As we approach the Federal Reserve’s next rate-setting meeting in mid-September, market watchers eagerly wait to see whether the central bank will lower its benchmark rate. Because a drop in the federal funds rate leads to lower rates on loans, it can boost personal and corporate borrowing — and so investors and economists view lower rates as a driver of growth.

Conversely, savers have less reason for exuberance at the prospect of a Fed rate cut. In addition to spurring lower borrowing costs, such a move would also result in declines in the juicy interest rates of savings accounts that many have been enjoying in recent years.

Because savings account yields are variable, banks can choose to change them at any time — whether due to Fed rate changes or the need to bring in more deposits.
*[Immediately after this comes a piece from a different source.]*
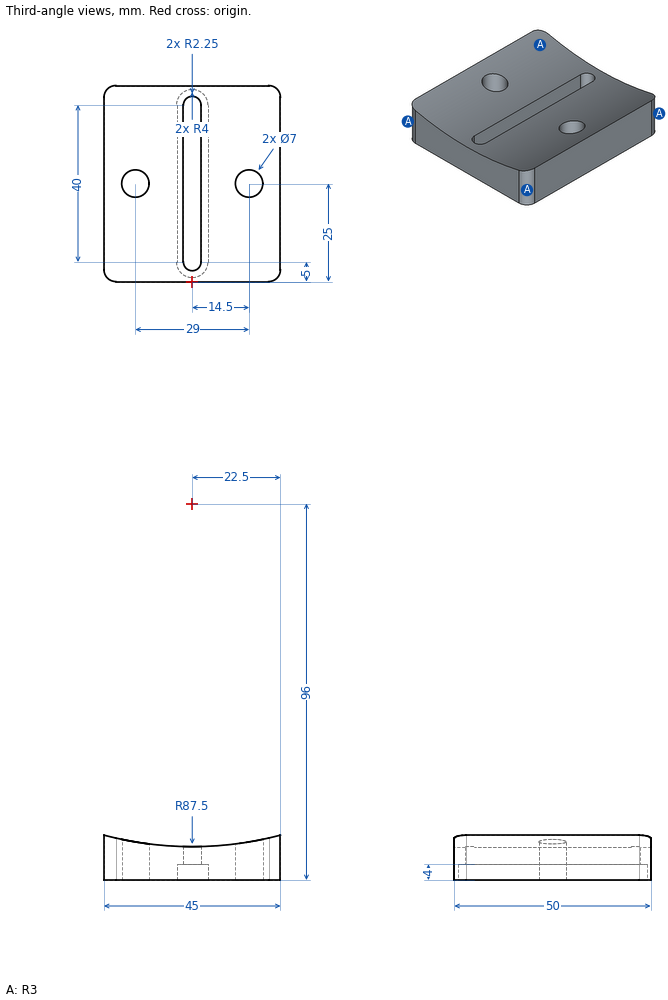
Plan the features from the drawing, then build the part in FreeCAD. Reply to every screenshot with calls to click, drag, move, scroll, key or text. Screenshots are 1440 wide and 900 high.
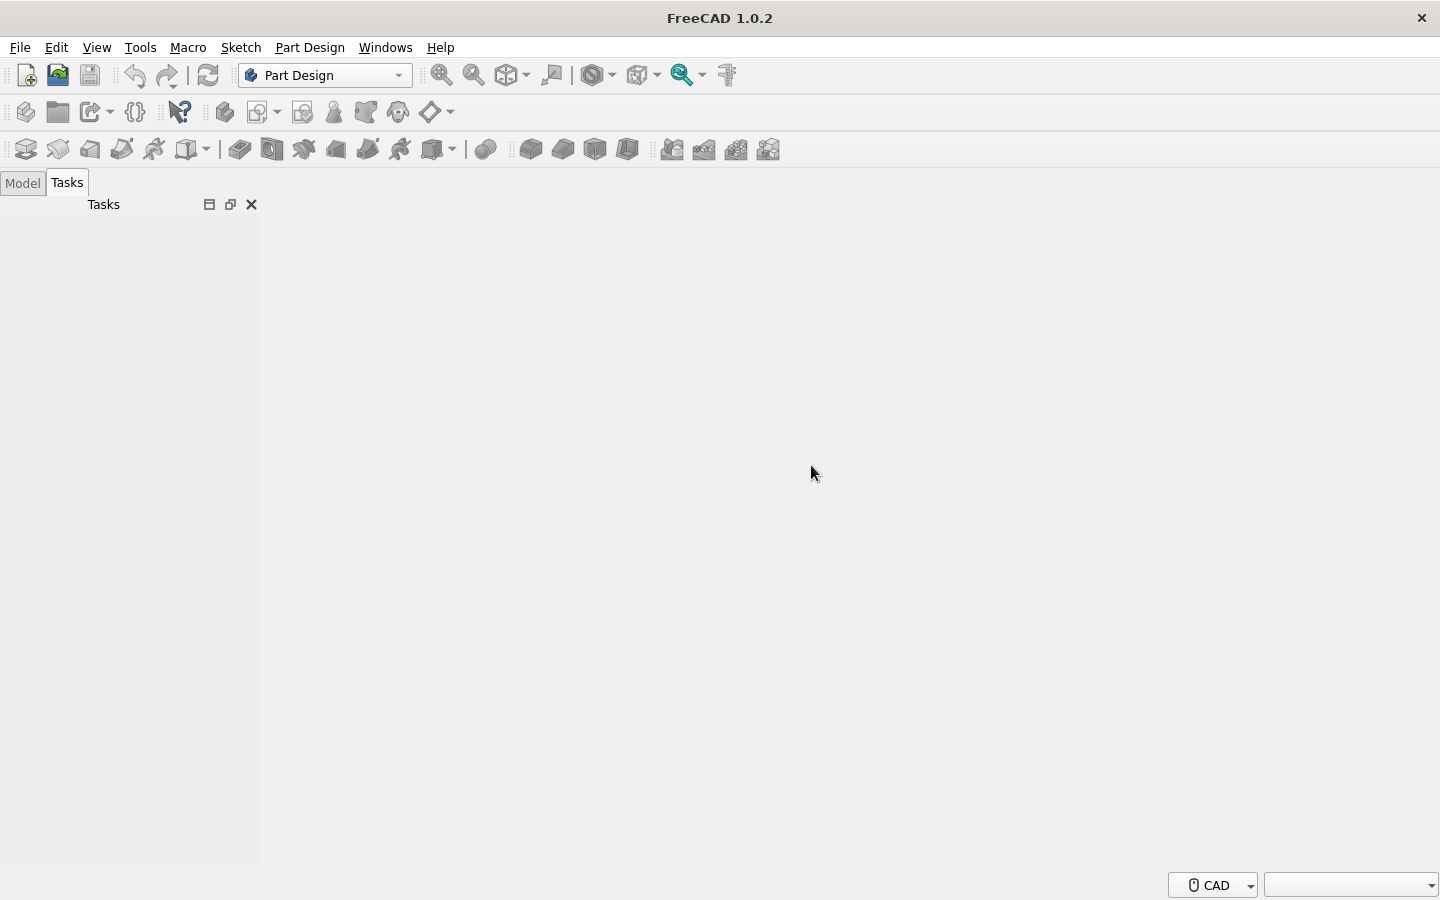
click(26, 76)

For now, the best high-yield savings accounts are earning annual percentage yields (APYs) above 4 percent.

Today’s best savings account rates

The top savings account APY has slid by around 15 basis points since April, among financial institutions monitored by Bankrate’s editorial staff. Today, the leading rate is 4.35 percent APY, with several runners-up offering 4.30 percent APY.

Here’s a closer look at the leading rates offered by Federal Deposit Insurance Corp. (FDIC)-member banks:

Note: APYs may have changed since they were last updated and may vary by region for some products.
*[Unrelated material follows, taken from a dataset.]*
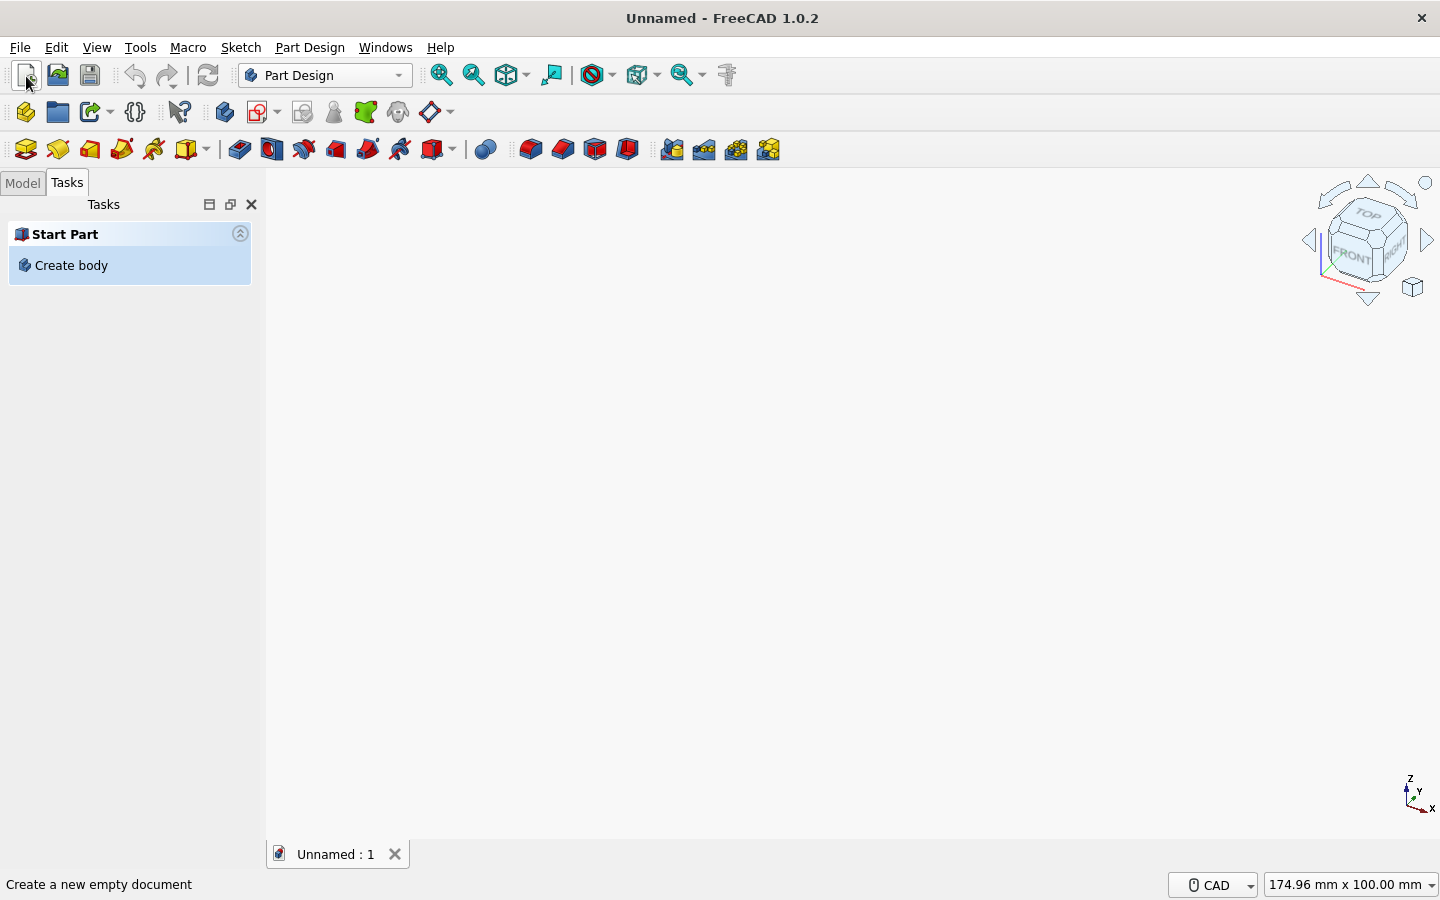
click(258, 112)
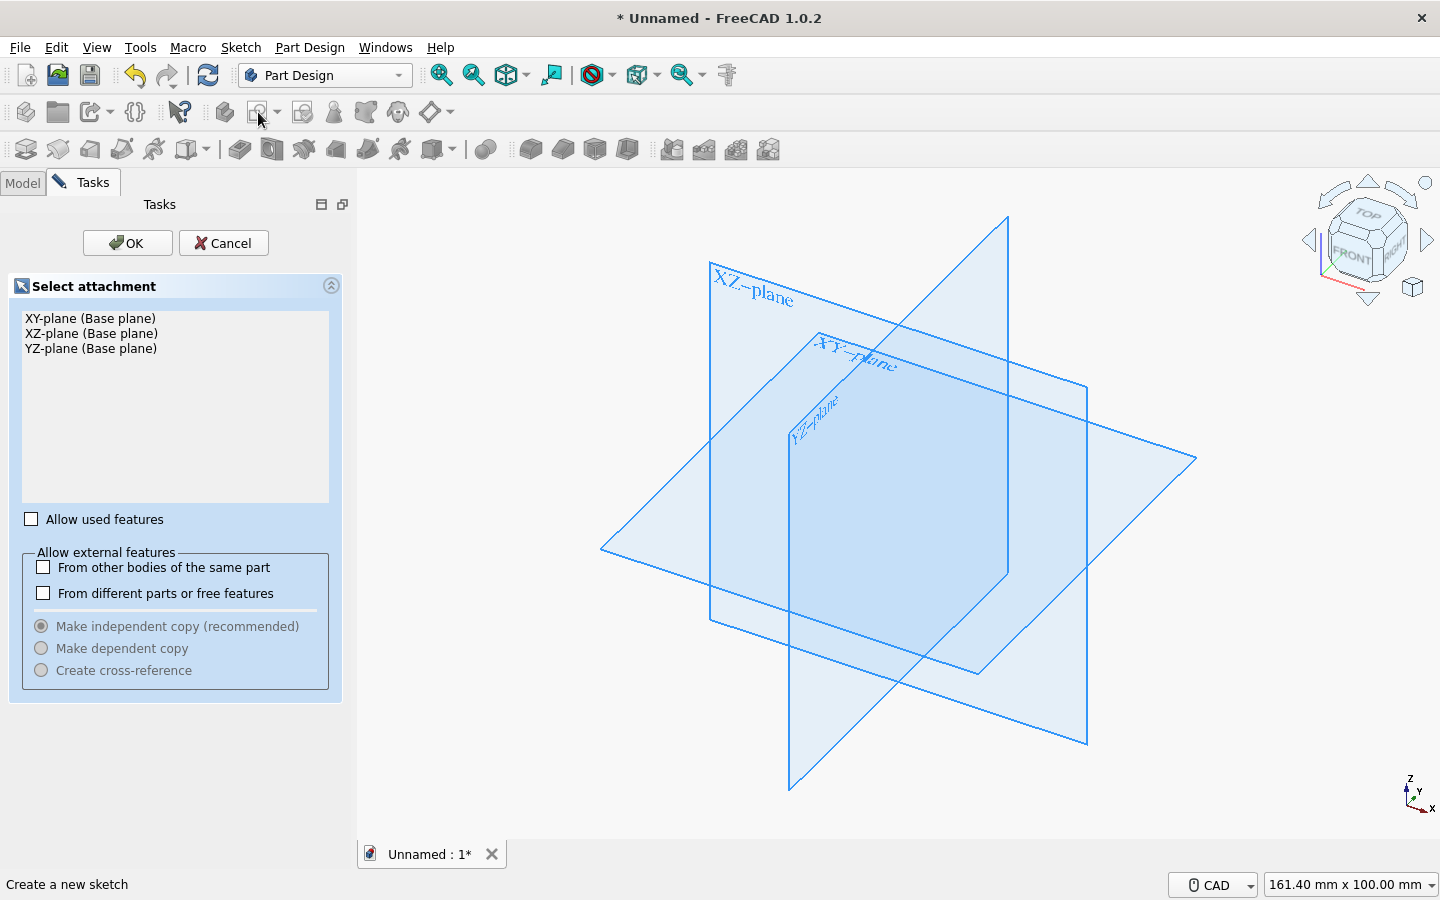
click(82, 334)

Latest news from the Federal Reserve

The Federal Reserve decided not to change rates at its last Federal Open Market Committee (FOMC) meeting in July for the fifth consecutive policy meeting. Prior to that, officials lowered rates by a total of one percentage point, or 100 basis points, at three meetings in late 2024. APYs on competitive deposit accounts decreased leading up to those Fed rate cuts, and in their wake.

When weighing inflationary pressures and a weakening jobs market, Fed officials may take action by lowering rates when they meet September 16-17. Though that’s not a guarantee, the majority of interest rate traders believe the Fed will cut rates at that meeting, according to data from CME Group.

Trump attempts to fire Fed governor Lisa Cook

Policymakers have held rates steady so far in 2025, political pressure from President Donald Trump to lower rates notwithstanding. In recent news, Trump posted a termination letter to Fed Governor Lisa Cook on social media last week, citing allegations she made false statements on home mortgage applications. The move was described by some as an attack on the Fed as the president pushes for rates to be lowered.

Cook subsequently filed a lawsuit that states the effort to fire her is unlawful and seeks to bar the Fed from removing her.

Neither the type of ‘offense’ the President cited nor the threadbare evidence against Governor Cook would constitute ’cause’ for removal even if the President’s allegations were true — which they are not.

— Language in a temporary restraining order filed by Fed Governor Lisa Cook

Powell talks rate cuts at Jackson Hole

At an annual central banking forum in Jackson Hole, Wyoming in August, Fed Chair Jerome Powell suggested the Fed may be on track for a September rate cut. He referred to signs of a softening job market, while also mentioning the risk of Trump’s tariffs causing higher inflation.

With “policy in restrictive territory, the baseline outlook and the shifting balance of risks may warrant adjusting our policy stance,” Powell said at the forum.

Putting the pieces together, what are the implications for monetary policy? In the near term, risks to inflation are tilted to the upside, and risks to employment to the downside—a challenging situation. When our goals are in tension like this, our framework calls for us to balance both sides of our dual mandate.

— Jerome Powell | Chairman, Board of Governors of the Federal Reserve

What falling rates mean for savers

A lower federal funds rate would likely cause APYs on competitive savings accounts to fall, in turn. Even if APYs were to slide further, an FDIC-insured bank account remains a safe, stable place to set aside funds for emergencies or other short-term savings goals.

No matter what happens with rates, the primary benefit of a federally insured savings account is that it provides a safe place for a liquid emergency fund. An added bonus is the elevated rates savers have been enjoying on high-yield savings accounts in recent years.

— Karen Bennett, Senior Consumer Banking Reporter | Bankrate

Consider a CD

If you have three to six months’ worth of expenses in a liquid savings account, a certificate of deposit CD could be a place to earn a guaranteed rate on additional funds. Currently, the best CD rates are similar to those of top high-yield savings accounts. The beauty of a fixed-rate CD in a falling-rate environment is it earns the same rate throughout its entire term — even if the going rates on new CDs decline.

Before committing funds to a CD, however, be sure you’re able to part with the money for the entire duration of the term. This is because most CDs charge an early withdrawal penalty if you take out the money before they mature. This could negate some or all of the interest the CD would earn.

Bottom line

All eyes will be on the Fed when officials decide whether to change rates during the next FOMC meeting in mid-September. For now, competitive savings accounts continue to earn high yields, which is an extra bonus for consumers who use savings accounts as a safe, stable place to save for their goals.